Set bit counting

Question

Hi I am trying to analyze a function

int countBit(uint32_t n) {
    n = (n & 0x55555555) + ((n & 0xAAAAAAAA) >> 1);
    n = (n & 0xC30C30C3) + ((n & 0x0C30C30C) >> 2) + ((n & 0x30C30C30) >> 4);
    return n % 63;
}

Now I've already figured out that it counts the number of set bits (originally the function name has been different so it was not obvious.)

I also know that the line

n = (n & 0x55555555) + ((n & 0xAAAAAAAA) >> 1);

gives the number of 1 in subsequent pairs.
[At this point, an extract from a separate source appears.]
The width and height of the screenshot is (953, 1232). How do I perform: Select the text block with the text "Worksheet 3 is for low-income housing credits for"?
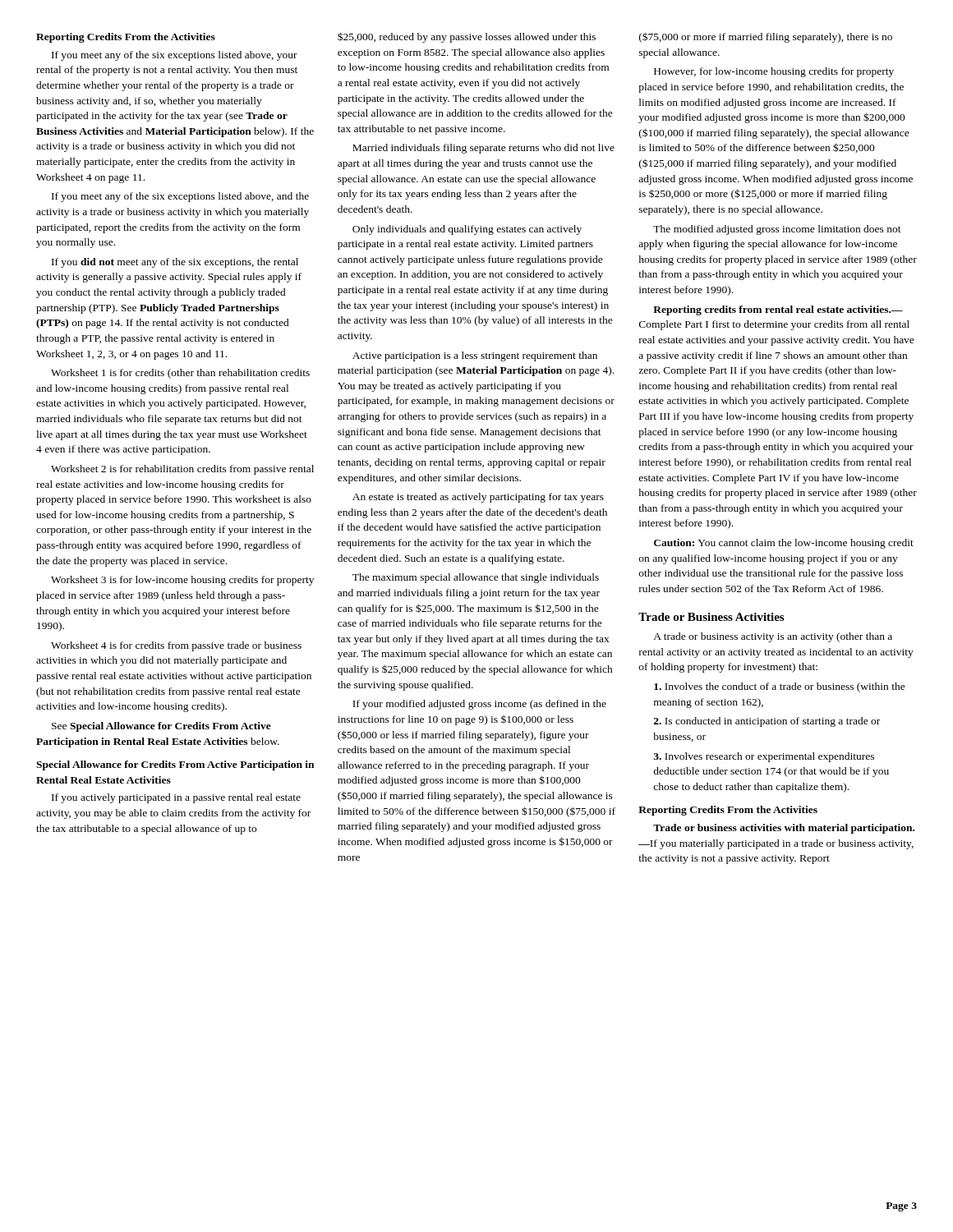175,603

However after that I am at lost. Individually I know what the code is doing, but I do not know why it does that and what is the idea behind it.

Answer 1

Oh, I haven't seen this one before. It's pretty clever, although I wonder how fast the modulus is compared to more bit twiddling.

Anyway, after n = (n & 0x55555555) + ((n & 0xAAAAAAAA) >> 1), we have 16 2-bit counts.

(n & 0xC30C30C3) isolates the 6 counts that are shifted by multiples of 6 bits, i.e., multiplied by multiples of 64. Since 64%63 = 1, taking the modulus mod 63 will add all of these together. + ((n & 0x0C30C30C) >> 2) isolates the counts that are shifted by 6k+2 bits, and adds them to the above. + ((n & 0x30C30C30) >> 4) does the same for counts that are shifted by 6k+4 bits. After those additions we have 6 5-bit counters that the %63 can add together all at once.